# What you are asked to do
Count, in the listing that follows, every line containing the word "these". Give the number by itself.

# Dataset entries
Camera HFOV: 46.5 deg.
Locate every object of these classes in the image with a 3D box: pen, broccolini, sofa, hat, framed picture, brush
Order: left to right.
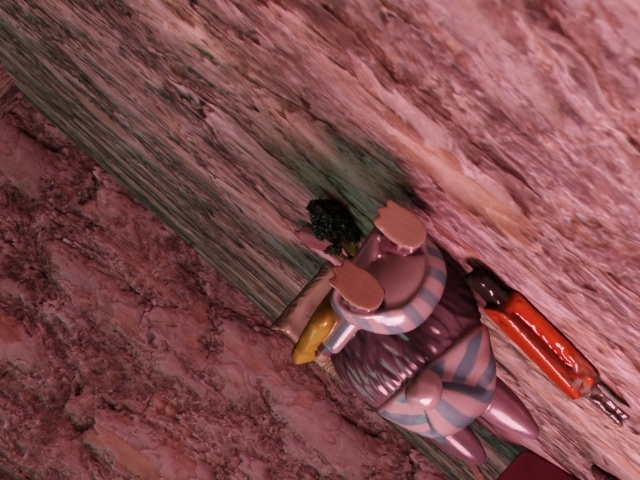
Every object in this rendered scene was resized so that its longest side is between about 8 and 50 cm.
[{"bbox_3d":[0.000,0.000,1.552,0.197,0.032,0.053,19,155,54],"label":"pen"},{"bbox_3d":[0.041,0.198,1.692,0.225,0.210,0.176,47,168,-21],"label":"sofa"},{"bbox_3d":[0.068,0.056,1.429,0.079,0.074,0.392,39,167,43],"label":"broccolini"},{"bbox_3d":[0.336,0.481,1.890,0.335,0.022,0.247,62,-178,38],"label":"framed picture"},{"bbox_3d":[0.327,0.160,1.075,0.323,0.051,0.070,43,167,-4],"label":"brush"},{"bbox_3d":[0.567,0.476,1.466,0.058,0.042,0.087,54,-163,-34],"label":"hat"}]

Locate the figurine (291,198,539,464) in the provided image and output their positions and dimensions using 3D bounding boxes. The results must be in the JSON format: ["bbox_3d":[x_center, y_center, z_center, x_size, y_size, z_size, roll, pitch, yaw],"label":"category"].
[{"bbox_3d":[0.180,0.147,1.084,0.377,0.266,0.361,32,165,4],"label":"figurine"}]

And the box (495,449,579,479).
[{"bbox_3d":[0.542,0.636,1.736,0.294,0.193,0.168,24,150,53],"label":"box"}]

==

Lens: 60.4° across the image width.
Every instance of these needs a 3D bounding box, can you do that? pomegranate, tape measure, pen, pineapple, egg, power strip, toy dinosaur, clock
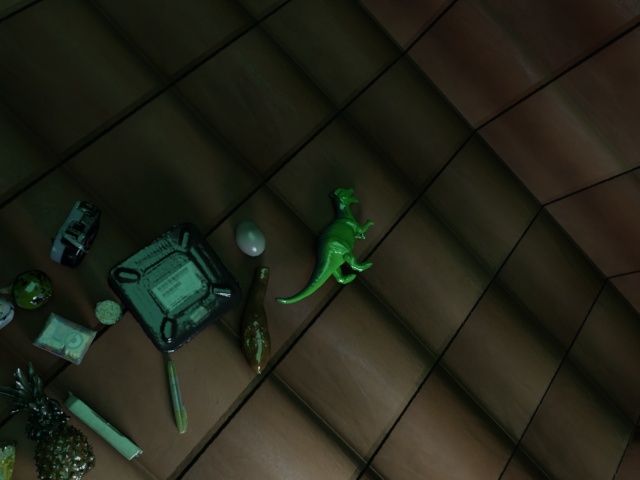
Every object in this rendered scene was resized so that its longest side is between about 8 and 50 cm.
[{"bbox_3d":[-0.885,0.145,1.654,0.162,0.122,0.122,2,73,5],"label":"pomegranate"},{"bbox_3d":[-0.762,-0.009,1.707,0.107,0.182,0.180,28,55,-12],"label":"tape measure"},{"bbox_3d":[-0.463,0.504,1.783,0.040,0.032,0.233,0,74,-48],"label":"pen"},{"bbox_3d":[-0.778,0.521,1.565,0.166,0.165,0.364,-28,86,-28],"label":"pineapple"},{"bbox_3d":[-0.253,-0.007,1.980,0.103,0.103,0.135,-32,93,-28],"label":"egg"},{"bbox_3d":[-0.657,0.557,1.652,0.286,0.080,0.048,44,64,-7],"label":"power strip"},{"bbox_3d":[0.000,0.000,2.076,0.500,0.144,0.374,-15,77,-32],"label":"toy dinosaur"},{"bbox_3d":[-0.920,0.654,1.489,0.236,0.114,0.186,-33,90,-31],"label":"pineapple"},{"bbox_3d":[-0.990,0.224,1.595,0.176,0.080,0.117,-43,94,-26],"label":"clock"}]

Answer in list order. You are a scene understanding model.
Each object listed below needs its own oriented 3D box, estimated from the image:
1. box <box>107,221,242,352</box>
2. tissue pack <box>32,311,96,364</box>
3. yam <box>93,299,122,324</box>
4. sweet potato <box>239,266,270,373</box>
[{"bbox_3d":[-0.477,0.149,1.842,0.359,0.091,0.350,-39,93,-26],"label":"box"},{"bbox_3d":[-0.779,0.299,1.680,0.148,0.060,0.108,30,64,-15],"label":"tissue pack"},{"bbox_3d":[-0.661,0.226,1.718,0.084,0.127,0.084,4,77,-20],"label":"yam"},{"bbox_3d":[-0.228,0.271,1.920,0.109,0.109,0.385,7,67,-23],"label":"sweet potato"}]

# Written solution
2